Erstellt am 14. Februar 2018, 04:30

von Laura Aigner

So sehen Ybbstaler Ortschefinnen die Initiative?. Bis Mitte März sammelt „Frauenvolksbegehren 2.0“ Unterschriften für mehr Gleichberechtigung. Ybbstaler Bürgermeisterinnen sehen Initiative unterschiedlich.

Hollensteins Bürgermeisterin Manuela Zebenholzer stimmt den Forderungen zu. Kematens Ortschefin Juliana Günther findet ein Volksbegehren nicht nötig.  |  NÖN

1997 unterzeichneten 650.000 Menschen ein Volksbegehren, bei dem mehr Gleichberechtigung für Frauen in den unterschiedlichsten Lebensbereichen gefordert wurde. 21 Jahre später startet nun das „Frauenvolksbegehren 2.0“, um erneut auf Missstände aufmerksam zu machen.

Denn wie die #Metoo-Bewegung zeigte, ist auch im 21. Jahrhundert noch jede Menge zu tun, um mehr Gleichberechtigung zu erreichen. Das Team des „Frauenvolksbegehrens 2.0“ fordert nun Unterstützung seitens der Politik um Sexismus im öffentlichen sowie privaten Leben entgegenzuwirken.

Dabei geht es um das Schließen der Gehaltsschere zwischen den Geschlechtern ebenso wie um den Ausbau der Kinderbetreuung oder mehr Initiativen gegen Gewalt an Frauen, Kindern und homo- oder transsexuellen Menschen. Ziel des Frauenvolksbegehrens ist es, generell für eine offenere und tolerantere österreichische Gesellschaft einzutreten.

Zebenholzer: "Kann vollinhaltlich zustimmen" 

Ganz klar die Dringlichkeit des Unterfangens sieht die Hollensteiner Bürgermeisterin Manuela Zebenholzer (SPÖ). „Es ist schade, dass es im 21. Jahrhundert für Gleichberechtigung noch ein Volksbegehren braucht. Ich kann den Forderungen vollinhaltlich zustimmen und werde meine Unterstützung abgeben.“

Günter: "Finde nicht, das Begehren nötig ist"

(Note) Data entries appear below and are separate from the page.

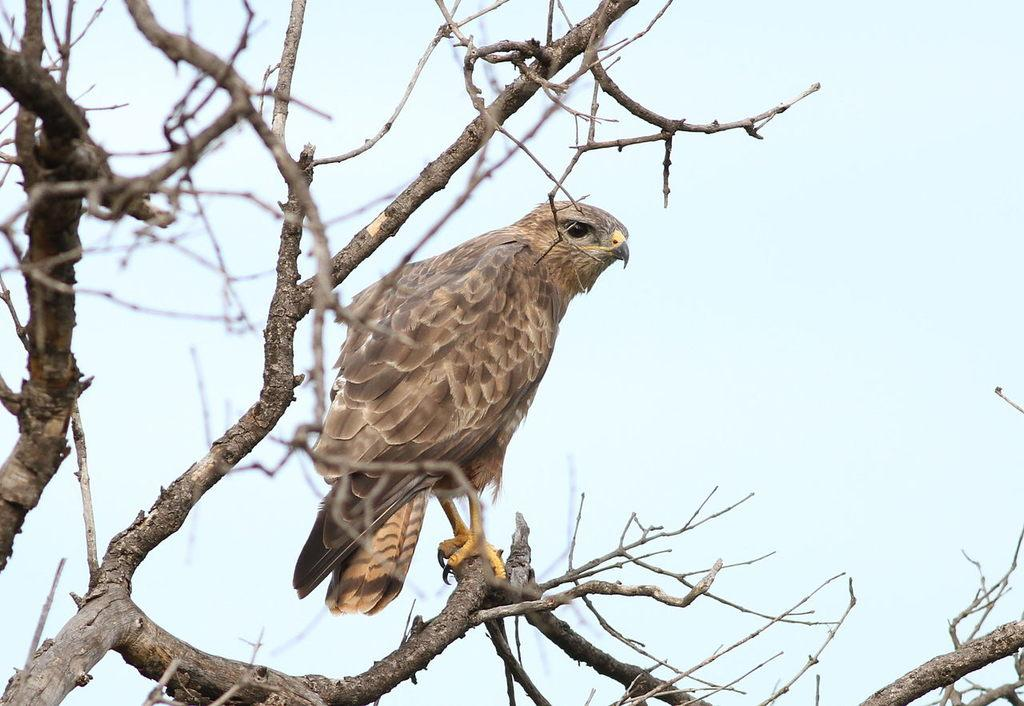What type of animal can be seen in the image? There is a bird in the image. Where is the bird located in the image? The bird is on the branch of a tree. What can be seen in the background of the image? The sky is visible in the background of the image. What type of whip is the bird using to fly in the image? There is no whip present in the image, and birds do not use whips to fly. 
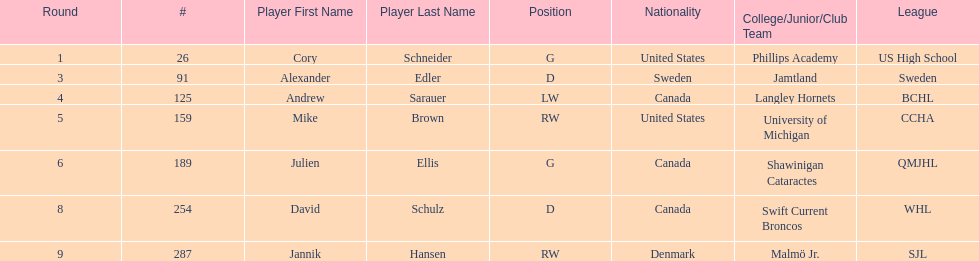What number of players have canada listed as their nationality? 3. 
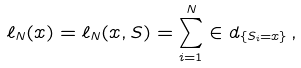<formula> <loc_0><loc_0><loc_500><loc_500>\ell _ { N } ( x ) = \ell _ { N } ( x , S ) = \sum _ { i = 1 } ^ { N } \in d _ { \{ S _ { i } = x \} } \, ,</formula> 
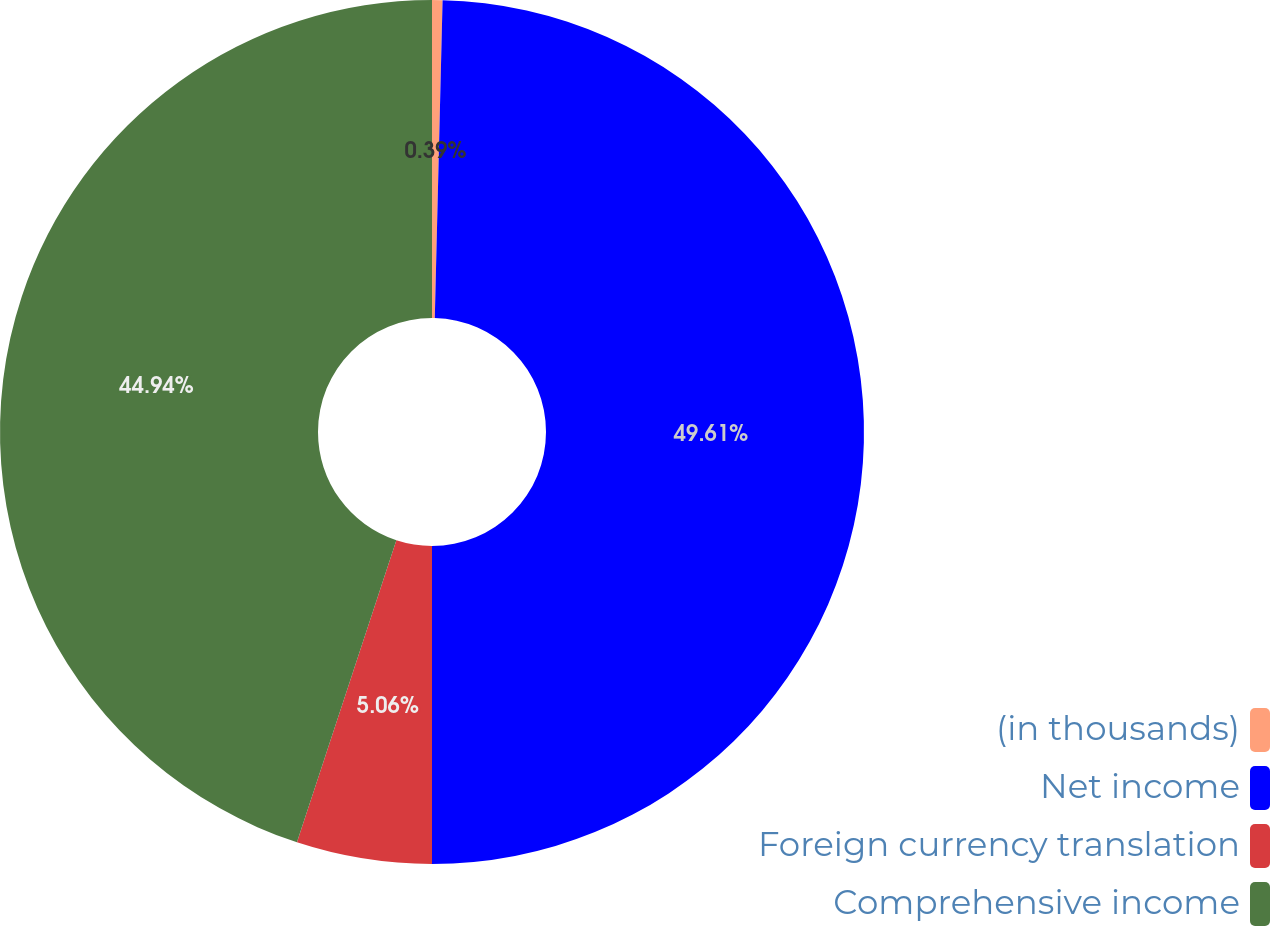<chart> <loc_0><loc_0><loc_500><loc_500><pie_chart><fcel>(in thousands)<fcel>Net income<fcel>Foreign currency translation<fcel>Comprehensive income<nl><fcel>0.39%<fcel>49.61%<fcel>5.06%<fcel>44.94%<nl></chart>

Gefordert werden auch mehr Nationalratsplätze für Frauen. „Wir wollen Abgeordnete, die unsere Lebensrealitäten kennen. Nur dann werden Politik und Gesetzgebung uns Frauen berücksichtigen“, sagen die Organisatorinnen. Kematens Bürgermeisterin Juliana Günther (ÖVP) sieht das anders. „Jeder, der es gerne macht und mit der Verantwortung umgehen kann, soll in die Politik gehen können, egal ob Mann oder Frau. Ich finde nicht, dass dazu ein Begehren nötig ist.“

Unterstützen wird das Volksbegehren Waidhofens Bürgermeister Werner Krammer (ÖVP): „Wir leben im Jahr 2018 – die Gleichstellung von Mann und Frau in allen Bereichen sollte selbstverständlich sein und nicht mehr diskutiert werden.“

8.401 Unterstützungserklärungen gilt es nun zu sammeln. Erst dann wird der Eintragungszeitraum festgelegt. 100.000 Unterschriften braucht es letztendlich, damit der Nationalrat die Thematik behandelt.